How a SoulCycle Instructor Conquered the Pan-Mass Challenge


Madison Ciccone, 33, raised $5,700 for the Dana-Farber Cancer Institute.

Madison Ciccone, 33, raised $5,700 for the Dana-Farber Cancer Institute. Madison Ciccone

A Boston SoulCycle instructor has cycled nearly 100 miles in 90-degree heat, raising nearly $6,000 for cancer charities — never having ridden a road bike before.

Madison Ciccone, 33, had signed up for other sporting events in the past, but nothing on the scale of the Pan-Mass Challenge, a fundraising bike-a-thon that raises more money for charities than any other athletic fundraising event in the world. The 2-day race stretches from Sturbridge to Provincetown, offering a variety of courses from 25 to 211 miles.

A SoulCycle instructor since 2016, Ciccone is familiar with a stationary bike — but had limited road bike experience.

“I was really banking on my Soul cycling skills, and I’m still on the Bluebikes around town, but I had never really clicked on a road bike. It’s a whole different ball game,” she told

Ciccone agreed to take on the challenge two months before the August 6 start date. She was undeterred, she said, and inspired by the charitable aspect of the Pan-Mass Challenge, which raises money for the Dana-Farber Cancer Institute.

“I feel like everyone is affected by [cancer] sort of,” she said. “I’ve lost aunts and grandmothers, and my boyfriend recently lost his father. It’s not very hard to get attached to an organization like this and to feel that on a deep level, to be like, “Damn yeah.”

Ciccone was recruited by a friend to join Team Next Gen, a 40-person Pan-Mass Challenge group made up mostly of runners whose families and friends have participated in the challenge over the past few years.
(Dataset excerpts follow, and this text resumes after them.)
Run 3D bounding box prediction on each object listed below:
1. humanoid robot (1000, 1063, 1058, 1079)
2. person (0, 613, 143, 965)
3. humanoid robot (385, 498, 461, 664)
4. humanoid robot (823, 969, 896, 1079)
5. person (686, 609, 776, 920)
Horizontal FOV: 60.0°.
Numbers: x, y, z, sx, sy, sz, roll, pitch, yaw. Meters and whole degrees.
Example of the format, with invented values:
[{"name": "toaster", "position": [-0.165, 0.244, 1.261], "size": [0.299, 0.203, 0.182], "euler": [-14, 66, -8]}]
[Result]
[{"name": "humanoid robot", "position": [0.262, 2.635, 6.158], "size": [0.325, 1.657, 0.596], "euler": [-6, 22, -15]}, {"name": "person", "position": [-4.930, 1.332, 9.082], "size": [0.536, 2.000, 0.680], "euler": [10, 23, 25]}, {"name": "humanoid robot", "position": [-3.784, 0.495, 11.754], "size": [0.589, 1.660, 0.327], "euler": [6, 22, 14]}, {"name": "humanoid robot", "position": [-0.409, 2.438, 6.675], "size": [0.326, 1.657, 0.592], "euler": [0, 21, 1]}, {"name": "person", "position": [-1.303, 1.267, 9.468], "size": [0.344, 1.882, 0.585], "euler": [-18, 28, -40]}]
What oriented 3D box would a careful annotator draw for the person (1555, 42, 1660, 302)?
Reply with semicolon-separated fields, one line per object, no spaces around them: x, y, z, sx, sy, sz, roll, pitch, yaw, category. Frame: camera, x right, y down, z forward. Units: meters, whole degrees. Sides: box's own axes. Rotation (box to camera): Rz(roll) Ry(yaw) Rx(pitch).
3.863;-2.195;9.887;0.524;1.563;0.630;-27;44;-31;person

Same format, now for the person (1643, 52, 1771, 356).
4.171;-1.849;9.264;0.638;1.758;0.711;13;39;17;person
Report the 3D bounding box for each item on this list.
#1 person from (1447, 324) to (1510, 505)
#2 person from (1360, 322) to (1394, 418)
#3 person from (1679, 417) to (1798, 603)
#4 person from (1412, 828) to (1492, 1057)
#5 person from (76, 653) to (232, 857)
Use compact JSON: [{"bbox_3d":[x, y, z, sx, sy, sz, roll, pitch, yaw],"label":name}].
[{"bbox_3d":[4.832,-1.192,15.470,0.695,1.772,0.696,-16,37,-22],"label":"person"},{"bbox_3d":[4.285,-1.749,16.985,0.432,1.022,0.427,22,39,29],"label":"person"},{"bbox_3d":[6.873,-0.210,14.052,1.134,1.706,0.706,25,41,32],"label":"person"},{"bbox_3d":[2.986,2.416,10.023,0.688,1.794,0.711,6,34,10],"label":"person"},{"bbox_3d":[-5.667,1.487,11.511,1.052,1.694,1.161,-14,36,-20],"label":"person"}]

How a SoulCycle Instructor Conquered the Pan-Mass Challenge
Team Next Gen is a group of young racers inherited from the Pan-Mass Challenge. Madison Ciccone

The team’s 100-mile trek raises funds, or “Pedal Partners,” for a young Dana-Farber patient battling leukemia. The band have funded the treatment of 4-year-old King Gaylor for the past two years and wear ‘Kangaroos for King’ on their uniforms.

“He’s our ‘why,'” Ciccone explained.

Ciccone had less than two months to prepare for the challenge, borrowing a road bike from one of his SoulCycle riders to test out on forest trails, in addition to teaching 12 SoulCycle classes a week. But when race day arrived, Ciccone still felt a bit off guard.

“I thought racing should be a breeze and it wasn’t a breeze,” she admitted. Ciccone faced an additional hurdle that doesn’t affect indoor runners – the ongoing heat wave. August 6 saw intense temperatures peaking at 88 degrees and 94% humidity. Ciccone said there were doctors “everywhere” in case runners passed out from the heat.

“As a SoulCycle instructor, I’ve been through some pretty crazy circumstances,” Ciccone said. “It took a whole new level of mental toughness.”

But some special visitors were able to lift team spirits in the grueling conditions as 4-year-old King and his family greeted the riders at one of their water stops in Lakeville.

“It was just when I hit my wall,” Ciccone said. “It’s really hard on your body, but you cry because you know you’re doing it for a bigger purpose.”

How a SoulCycle Instructor Conquered the Pan-Mass Challenge
Members of the Next Gen team pose with a 4-year-old Dana-Farber patient. From left to right: Krissy Saraceno, Alie Saraceno, King Gaylor, Madison Ciccone and Catherine Joyce. Madison Ciccone

The team was able to move forward, with Ciccone using his SoulCycle expertise to play uplifting music. She said she was grateful for the camaraderie the challenge brought her: “The hottest commodity and currency is the community and I’ve found myself in a really great and helpful place.”

Ciccone ended her challenge after one day, covering nearly 100 miles. Individually, she raised $5,700 with a personal goal of $6,000. Donations are open until October.

After the physical and mental toll of the race, Ciccone said she plans to return to the Pan-Mass Challenge in future years.

“The craziest thing is I’m going to do it again,” she said.